The entries in the Residual Correlations spreadsheet can be interpreted as the "amount" of correlation that cannot be accounted for with the two factor solution. Of course, the diagonal elements in the matrix contain the standard deviation that cannot be accounted for, which is equal to the square root of one minus the respective communalities for two factors (remember that the communality of a variable is the variance that can be explained by the respective number of factors). If you review this matrix carefully you will see that there are virtually no residual correlations left that are greater than 0.1 or less than -0.1 (actually, a few are about of that magnitude). Added to that is the fact that the first two factors accounted for 79% of the total variance (see Cumulative % eigenvalues displayed in the Eigenvalues spreadsheet).
- The "secret" to the perfect example
- The example you have reviewed does indeed provide a nearly perfect two-factor solution. It accounts for most of the variance, allows for ready interpretation, and reproduces the correlation matrix with only minor disturbances (remaining residual correlations).
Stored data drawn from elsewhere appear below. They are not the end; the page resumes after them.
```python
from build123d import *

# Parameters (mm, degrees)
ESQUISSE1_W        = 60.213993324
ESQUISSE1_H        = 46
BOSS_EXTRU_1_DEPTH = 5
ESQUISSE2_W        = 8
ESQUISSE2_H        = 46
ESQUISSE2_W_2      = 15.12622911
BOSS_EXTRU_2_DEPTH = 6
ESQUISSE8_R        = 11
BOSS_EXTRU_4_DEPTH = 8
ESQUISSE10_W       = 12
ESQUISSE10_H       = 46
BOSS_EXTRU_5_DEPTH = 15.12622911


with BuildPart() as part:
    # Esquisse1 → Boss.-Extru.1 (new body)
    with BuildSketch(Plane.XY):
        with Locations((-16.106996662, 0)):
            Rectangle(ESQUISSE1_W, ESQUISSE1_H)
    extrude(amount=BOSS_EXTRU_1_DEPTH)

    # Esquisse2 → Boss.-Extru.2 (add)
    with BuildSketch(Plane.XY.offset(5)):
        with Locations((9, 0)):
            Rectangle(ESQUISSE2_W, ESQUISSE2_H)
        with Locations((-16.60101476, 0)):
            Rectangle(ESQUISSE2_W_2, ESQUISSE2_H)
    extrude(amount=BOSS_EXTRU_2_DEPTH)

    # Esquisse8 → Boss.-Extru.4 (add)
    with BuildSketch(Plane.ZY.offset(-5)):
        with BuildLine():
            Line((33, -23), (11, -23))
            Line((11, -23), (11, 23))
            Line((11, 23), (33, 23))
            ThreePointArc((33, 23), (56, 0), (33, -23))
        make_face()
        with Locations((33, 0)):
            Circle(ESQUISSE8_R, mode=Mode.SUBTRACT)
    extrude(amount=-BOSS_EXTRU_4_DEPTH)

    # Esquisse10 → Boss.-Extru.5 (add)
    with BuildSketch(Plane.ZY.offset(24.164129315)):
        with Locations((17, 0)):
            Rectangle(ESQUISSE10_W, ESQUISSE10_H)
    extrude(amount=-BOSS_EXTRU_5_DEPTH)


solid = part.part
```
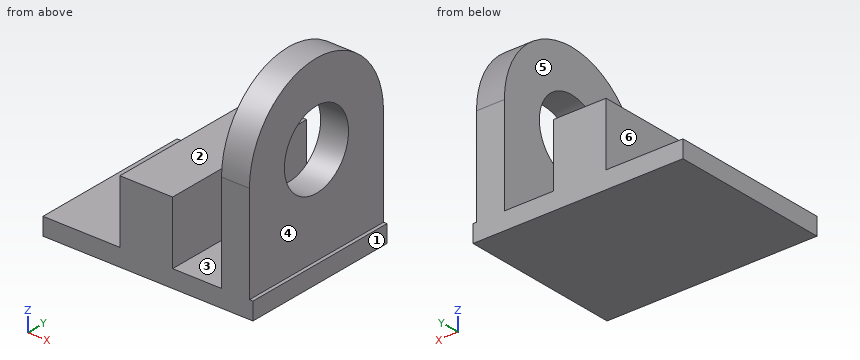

Of course, nature rarely affords one such simplicity, and, indeed, this fictitious data set was generated via the normal random number generator accessible in the spreadsheet formulas. Specifically, two orthogonal (independent) factors were "planted" into the data, from which the correlations between variables were generated. The factor analysis example retrieved those two factors as intended (i.e., the work satisfaction factor and the home satisfaction factor); thus, had nature planted the two factors, you would have learned something about the underlying or latent structure of nature.
- Miscellaneous other results
- Before concluding this example, brief comments on some other results will be made.
- Communalities
- To view the communalities for the current solution, that is, current numbers of factors, click the Communalities button on the Factor Analysis Results dialog box - Explained Variance tab. Remember that the communality of a variable is the portion that can be reproduced from the respective number of factors; the rotation of the factor space has no bearing on the communalities. Very low communalities for one or two variables (out of many in the analysis) may indicate that those variables are not well accounted for by the respective factor model.
- Factor score coefficients
- The factor score coefficients can be used to compute factor scores. These coefficients represent the weights that are used when computing factor scores from the variables. The coefficient matrix itself is usually of little interest; however, factor scores are useful if one wants to perform further analyses on the factors. To view these coefficients, click the Factor score coefficients button on the Factor Analysis Results dialog box - Scores tab.
- Factor scores
- Factor scores (values) can be thought of as the actual values for each respondent on the underlying factors that you discovered. Click the Factor scores button on the Factor Analysis Results dialog box - Scores tab to compute factor scores. These scores can be saved via the Save factor scores button and used later in other data analyses.
- Final Comment
- Factor analysis is a not a simple procedure. Anyone who is routinely using factor analysis with many (e.g., 50 or more) variables has seen a wide variety of "pathological behaviors" such as negative eigenvalues, uninterpretable solutions, ill-conditioned matrices, and such adverse conditions. If you are interested in using factor analysis in order to detect structure or meaningful factors in large numbers of variables, it is recommended that you carefully study a textbook on the subject (such as Harman, 1968). Also, because many crucial decisions in factor analysis are by nature subjective (number of factors, rotational method, interpreting loadings), be prepared for the fact that experience is required before you feel comfortable making those judgments. The Factor Analysis module of STATISTICA was specifically designed to make it easy for you to switch interactively between different numbers of factors, rotations, etc., so that different solutions can be tried and compared.